WHAT THE TASK ASKS:
Which lines of the entries below contain the string "radius"? Copy each one.

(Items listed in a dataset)
☆ ☆ ☆ ☆
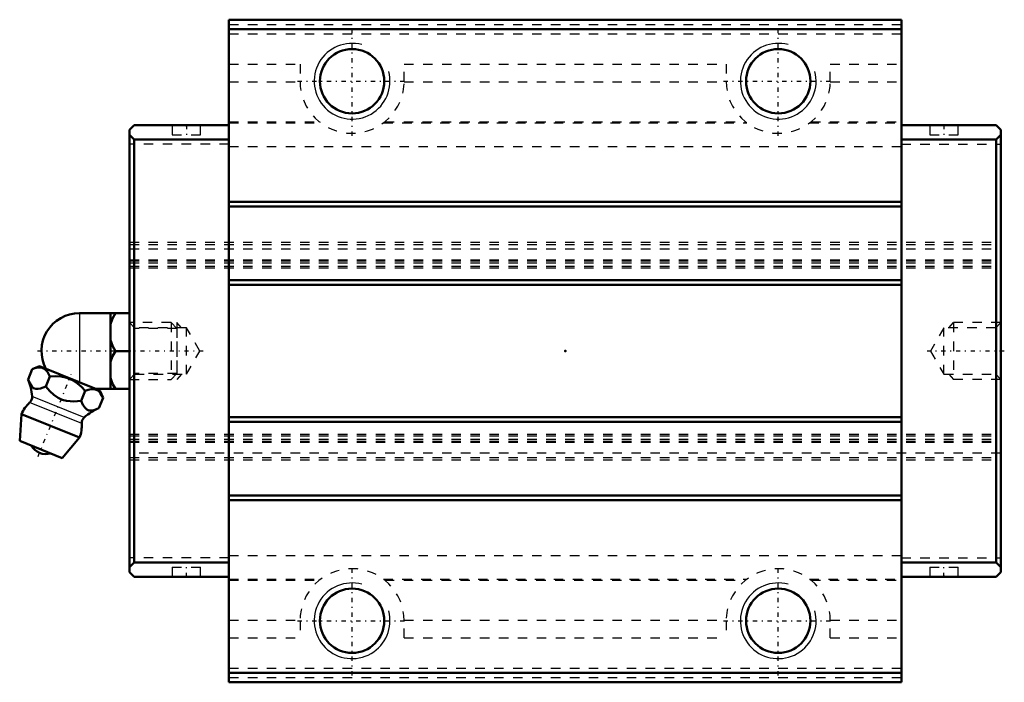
# Model space of a CAD drawing. Header units: millimetres. Extents: x -58 to 46, y -35 to 35.
import ezdxf

# ---------------------------------------------------------------- set-up
doc = ezdxf.new("R2010")
doc.units = ezdxf.units.MM
doc.linetypes.add('Center', pattern=[1.5, 0.45, -0.5, 0.05, -0.5])
doc.linetypes.add('Dashed', pattern=[2, 1, -1])
for name, color, linetype, lineweight in [('2d ConnectionPoints', 7, 'Continuous', 50), ('AM_0', 7, 'Continuous', 50), ('AM_4', 3, 'Continuous', 25), ('AM_5', 3, 'Continuous', 25), ('AM_7', 7, 'Center', 25), ('AM_9', 6, 'Dashed', 25)]:
    doc.layers.add(name, color=color, linetype=linetype, lineweight=lineweight)

# ---------------------------------------------------------------- blocks, each defined once
blk = doc.blocks.new('1_B_M6F_SHS_grease_nipple_joint_0_in_SHS25C1SS_GK__BLOCK_B_M6F1__4')
at = {"layer": 'AM_0'}
for p, q in [((-51.3, 4), (-46, 4)), ((-48, 4), (-48, -4)), ((-47.5, 0), (-46, 0)), ((-56.72, -3), (-56.29, -1.93)), ((-55.51, -1.6), (-56.29, -1.93)), ((-49.12, -4.18), (-55.51, -1.6)), ((-54.85, -3.76), (-54.42, -2.69)), ((-49.58, -4), (-46, -4)), ((-51.1, -5.27), (-50.67, -4.2)), ((-49.23, -6.03), (-48.79, -4.96)), ((-48.79, -4.96), (-49.12, -4.18)), ((-57.4, -6.67), (-57.6, -9.49)), ((-51.28, -9.14), (-57.4, -6.67)), ((-53.11, -11.31), (-51.28, -9.14)), ((-53.11, -11.31), (-57.6, -9.49))]:
    blk.add_line(p, q, dxfattribs=at)
for points in [[(-47.5, 4), (-47.79, 3.44), (-48, 2.85)], [(-48, 1.15), (-47.94, 0.96), (-47.75, 0.47), (-47.5, 0)], [(-47.5, 0), (-47.79, -0.56), (-48, -1.15)], [(-54.42, -2.69), (-54.68, -2.21), (-54.84, -2.01), (-55.04, -1.86), (-55.34, -1.76), (-55.69, -1.75), (-55.99, -1.82), (-56.29, -1.93)], [(-56.72, -3), (-56.54, -3.4), (-56.32, -3.74), (-56.13, -3.91), (-55.91, -4), (-55.66, -4.01), (-55.4, -3.96), (-54.85, -3.76)], [(-50.67, -4.2), (-51.07, -3.79), (-51.51, -3.42), (-52.03, -3.09), (-52.61, -2.85), (-53.21, -2.71), (-53.83, -2.67), (-54.42, -2.69)], [(-48, -2.85), (-47.94, -3.04), (-47.75, -3.53), (-47.5, -4)], [(-54.85, -3.76), (-54.42, -4.23), (-54, -4.62), (-53.53, -4.95), (-53.1, -5.15), (-52.64, -5.26), (-51.87, -5.32), (-51.1, -5.27)], [(-48.79, -4.96), (-49.05, -4.48), (-49.22, -4.28), (-49.41, -4.14), (-49.72, -4.03), (-50.07, -4.03), (-50.37, -4.09), (-50.67, -4.2)], [(-51.1, -5.27), (-50.92, -5.67), (-50.7, -6.01), (-50.52, -6.18), (-50.29, -6.27), (-50.05, -6.29), (-49.78, -6.24), (-49.23, -6.03)]]:
    blk.add_lwpolyline(points, dxfattribs=at)
for centre, radius, start, end in [((-51.3, 0), 4, 90, 207.9876), ((-62.27, -5.29), 6, 4.8448, 22.4683), ((-57.08, -4.86), 0.8, 311.9787, 4.8448), ((-54.34, -7.9), 3.3, 131.9787, 158), ((-46.83, -11.53), 6, 113.5458, 131.1552), ((-50.25, -7.62), 0.8, 131.1552, 184.0213), ((-54.34, -7.9), 3.3, 338, 4.0213), ((-54.81, -9.07), 1.82, 210.1342, 285.8658)]:
    blk.add_arc(centre, radius, start, end, dxfattribs=at)
at = {"layer": 'AM_4'}
for p, q in [((-51.3, 4), (-51.3, -3.3)), ((-50.78, -7.01), (-56.29, -4.79)), ((-51.05, -7.67), (-56.55, -5.45))]:
    blk.add_line(p, q, dxfattribs=at)
at = {"layer": 'AM_5', "linetype": 'Dashed'}
for p, q in [((-45.46, 3), (-45.46, -3)), ((-41, 2.39), (-45.46, 2.39)), ((-41, -2.39), (-45.46, -2.39))]:
    blk.add_line(p, q, dxfattribs=at)
at = {"layer": 'AM_7'}
blk.add_line((-55.66, -11.15), (-52.16, -2.5), dxfattribs=at)
at = {"layer": 'AM_9'}
for p, q in [((-41.61, 3), (-46, 3)), ((-41.61, 3), (-41.61, -3)), ((-41, 2.39), (-41.61, 3)), ((-41, 2.39), (-41, -2.39)), ((-46, -3), (-41.61, -3)), ((-41.61, -3), (-41, -2.39))]:
    blk.add_line(p, q, dxfattribs=at)
blk = doc.blocks.new('2_SHS25CSSB_M6F1_Slide25_55_0_in_SHS25C1SS_GK__BLOCK_B_M6F1__4')
at = {"layer": 'AM_0'}
for p, q in [((-35.5, 35), (35.5, 35)), ((-35.5, -35), (-35.5, 35)), ((35.5, -35), (35.5, 35)), ((-35.5, 34), (35.5, 34)), ((-45.5, 23.85), (-46, 23.35)), ((-46, -23.35), (-46, 23.35)), ((-35.5, 23.85), (-45.5, 23.85)), ((35.5, 23.85), (45.5, 23.85)), ((45.5, 23.85), (46, 23.35)), ((46, -23.35), (46, 23.35)), ((-46, 22.85), (-45.5, 22.35)), ((-45.5, 22.35), (-45.5, -22.35)), ((-35.5, 22.35), (-45.5, 22.35)), ((35.5, 22.35), (45.5, 22.35)), ((46, 22.85), (45.5, 22.35)), ((45.5, 22.35), (45.5, -22.35)), ((-35.5, 15.75), (35.5, 15.75)), ((-35.5, 15.25), (35.5, 15.25)), ((-35.5, 7.5), (35.5, 7.5)), ((-35.5, 7), (35.5, 7)), ((-35.5, -7), (35.5, -7)), ((-35.5, -7.5), (35.5, -7.5)), ((-35.5, -15.25), (35.5, -15.25)), ((-35.5, -15.75), (35.5, -15.75)), ((-45.5, -22.35), (-46, -22.85)), ((-35.5, -22.35), (-45.5, -22.35)), ((35.5, -22.35), (45.5, -22.35)), ((45.5, -22.35), (46, -22.85)), ((-46, -23.35), (-45.5, -23.85)), ((-35.5, -23.85), (-45.5, -23.85)), ((35.5, -23.85), (45.5, -23.85)), ((46, -23.35), (45.5, -23.85)), ((-35.5, -34), (35.5, -34)), ((-35.5, -35), (35.5, -35))]:
    blk.add_line(p, q, dxfattribs=at)
for centre in [(-22.5, 28.5), (22.5, 28.5), (-22.5, -28.5), (22.5, -28.5)]:
    blk.add_circle(centre, 3.4, dxfattribs=at)
at = {"layer": 'AM_5', "linetype": 'Dashed'}
for p, q in [((-40.5, 2.46), (-41, 3)), ((-41, 3), (-41, -3)), ((40.5, 2.46), (41, 3)), ((46, 3), (41, 3)), ((41, 3), (41, -3)), ((-40.5, -2.46), (-41, -3)), ((40.5, -2.46), (41, -3)), ((46, -3), (41, -3))]:
    blk.add_line(p, q, dxfattribs=at)
at = {"layer": 'AM_5'}
for centre in [(-22.5, 28.5), (22.5, 28.5), (-22.5, -28.5), (22.5, -28.5)]:
    blk.add_arc(centre, 4, 75, 15, dxfattribs=at)
at = {"layer": 'AM_7'}
for p, q in [((-22.5, 22.73), (-22.5, 34.27)), ((22.5, 22.73), (22.5, 34.27)), ((-28.27, 28.5), (-16.73, 28.5)), ((16.72, 28.5), (28.27, 28.5)), ((-40, 23.9), (-40, 22.8)), ((40, 23.9), (40, 22.8)), ((-38.21, 0), (-55.77, 0)), ((46.37, 0), (38.21, 0)), ((-40, -23.9), (-40, -22.8)), ((-22.5, -34.27), (-22.5, -22.73)), ((22.5, -34.27), (22.5, -22.73)), ((40, -23.9), (40, -22.8)), ((-28.27, -28.5), (-16.73, -28.5)), ((16.72, -28.5), (28.27, -28.5))]:
    blk.add_line(p, q, dxfattribs=at)
at = {"layer": 'AM_9'}
for p, q in [((-35.5, 34.5), (35.5, 34.5)), ((-35.5, 33.5), (35.5, 33.5)), ((-35.5, 30.3), (-28, 30.3)), ((-28, 30.3), (-28, 28.5)), ((-17, 28.5), (-17, 30.3)), ((-17, 30.3), (17, 30.3)), ((17, 30.3), (17, 28.5)), ((28, 30.3), (35.5, 30.3)), ((28, 28.5), (28, 30.3)), ((-35.5, 28.43), (-28, 28.43)), ((-17, 28.43), (17, 28.43)), ((28, 28.43), (35.5, 28.43)), ((-35.5, 24.22), (-25.95, 24.22)), ((-35.5, 24.1), (-25.8, 24.1)), ((-19.2, 24.1), (19.2, 24.1)), ((-19.05, 24.22), (19.05, 24.22)), ((25.8, 24.1), (35.5, 24.1)), ((25.95, 24.22), (35.5, 24.22)), ((-41.5, 23.85), (-41.5, 22.85)), ((-38.5, 22.85), (-38.5, 23.85)), ((38.5, 23.85), (38.5, 22.85)), ((41.5, 22.85), (41.5, 23.85)), ((-35.5, 21.85), (-46, 21.85)), ((-41.5, 22.85), (-38.5, 22.85)), ((35.5, 21.85), (46, 21.85)), ((38.5, 22.85), (41.5, 22.85)), ((-35.5, 21.6), (35.5, 21.6)), ((-46, 11.5), (46, 11.5)), ((-46, 11.26), (46, 11.26)), ((-46, 10.8), (46, 10.8)), ((-46, 9.62), (46, 9.62)), ((-46, 9.62), (46, 9.62)), ((-46, 9.54), (46, 9.54)), ((-46, 9.32), (46, 9.32)), ((-46, 8.95), (46, 8.95)), ((-46, 8.8), (46, 8.8)), ((-45.46, 2.46), (-46, 3)), ((-40, 2.46), (-45.46, 2.46)), ((-45.46, -2.46), (-45.46, 2.46)), ((-40, -2.46), (-40, 2.46)), ((-38.58, 0), (-40, 2.46)), ((40, 2.46), (38.58, 0)), ((40, -2.46), (40, 2.46)), ((45.46, 2.46), (40, 2.46)), ((46, 3), (45.46, 2.46)), ((45.46, -2.46), (45.46, 2.46)), ((-40, -2.46), (-38.58, 0)), ((38.58, 0), (40, -2.46)), ((-46, -3), (-45.46, -2.46)), ((-45.46, -2.46), (-40, -2.46)), ((40, -2.46), (45.46, -2.46)), ((45.46, -2.46), (46, -3)), ((-46, -8.8), (46, -8.8)), ((-46, -8.95), (46, -8.95)), ((-46, -9.32), (46, -9.32)), ((-46, -9.54), (46, -9.54)), ((-46, -9.62), (46, -9.62)), ((-46, -9.62), (46, -9.62)), ((46, -10.8), (-46, -10.8)), ((-46, -11.26), (46, -11.26)), ((-46, -11.5), (46, -11.5)), ((-35.5, -21.6), (35.5, -21.6)), ((-35.5, -21.85), (-46, -21.85)), ((-41.5, -22.85), (-38.5, -22.85)), ((-41.5, -22.85), (-41.5, -23.85)), ((-38.5, -23.85), (-38.5, -22.85)), ((35.5, -21.85), (46, -21.85)), ((38.5, -22.85), (41.5, -22.85)), ((38.5, -22.85), (38.5, -23.85)), ((41.5, -23.85), (41.5, -22.85)), ((-35.5, -24.1), (-25.8, -24.1)), ((-35.5, -24.22), (-25.95, -24.22)), ((-19.2, -24.1), (19.2, -24.1)), ((-19.05, -24.22), (19.05, -24.22)), ((25.8, -24.1), (35.5, -24.1)), ((25.95, -24.22), (35.5, -24.22)), ((-35.5, -28.43), (-28, -28.43)), ((-28, -28.5), (-28, -30.3)), ((-17, -28.43), (17, -28.43)), ((-17, -30.3), (-17, -28.5)), ((17, -28.5), (17, -30.3)), ((28, -28.43), (35.5, -28.43)), ((28, -30.3), (28, -28.5)), ((-35.5, -30.3), (-28, -30.3)), ((-17, -30.3), (17, -30.3)), ((28, -30.3), (35.5, -30.3)), ((-35.5, -33.5), (35.5, -33.5)), ((-35.5, -34.5), (35.5, -34.5))]:
    blk.add_line(p, q, dxfattribs=at)
blk.add_lwpolyline([(19.2, 24.1), (19.13, 24.15), (19.05, 24.22)], dxfattribs=at)
for centre, start, end in [((-22.5, 28.5), 180, 0), ((22.5, 28.5), 180, 0), ((-22.5, -28.5), 0, 180), ((22.5, -28.5), 0, 180)]:
    blk.add_arc(centre, 5.5, start, end, dxfattribs=at)

msp = doc.modelspace()

# ---------------------------------------------------------------- linework, layer by layer
at = {"layer": '2d ConnectionPoints'}
for p in [(-40, 23.85), (40, 23.85), (-46, 0), (0, 0), (46, 0), (-40, -23.85), (40, -23.85)]:
    msp.add_point(p, dxfattribs=at)

# ---------------------------------------------------------------- block references
for name in ['2_SHS25CSSB_M6F1_Slide25_55_0_in_SHS25C1SS_GK__BLOCK_B_M6F1__4', '1_B_M6F_SHS_grease_nipple_joint_0_in_SHS25C1SS_GK__BLOCK_B_M6F1__4']:
    msp.add_blockref(name, (0, 0))

doc.saveas('drawing.dxf')
☆ ☆ ☆ ☆
RESPONSE BELOW:
for centre, radius, start, end in [((-51.3, 0), 4, 90, 207.9876), ((-62.27, -5.29), 6, 4.8448, 22.4683), ((-57.08, -4.86), 0.8, 311.9787, 4.8448), ((-54.34, -7.9), 3.3, 131.9787, 158), ((-46.83, -11.53), 6, 113.5458, 131.1552), ((-50.25, -7.62), 0.8, 131.1552, 184.0213), ((-54.34, -7.9), 3.3, 338, 4.0213), ((-54.81, -9.07), 1.82, 210.1342, 285.8658)]:
    blk.add_arc(centre, radius, start, end, dxfattribs=at)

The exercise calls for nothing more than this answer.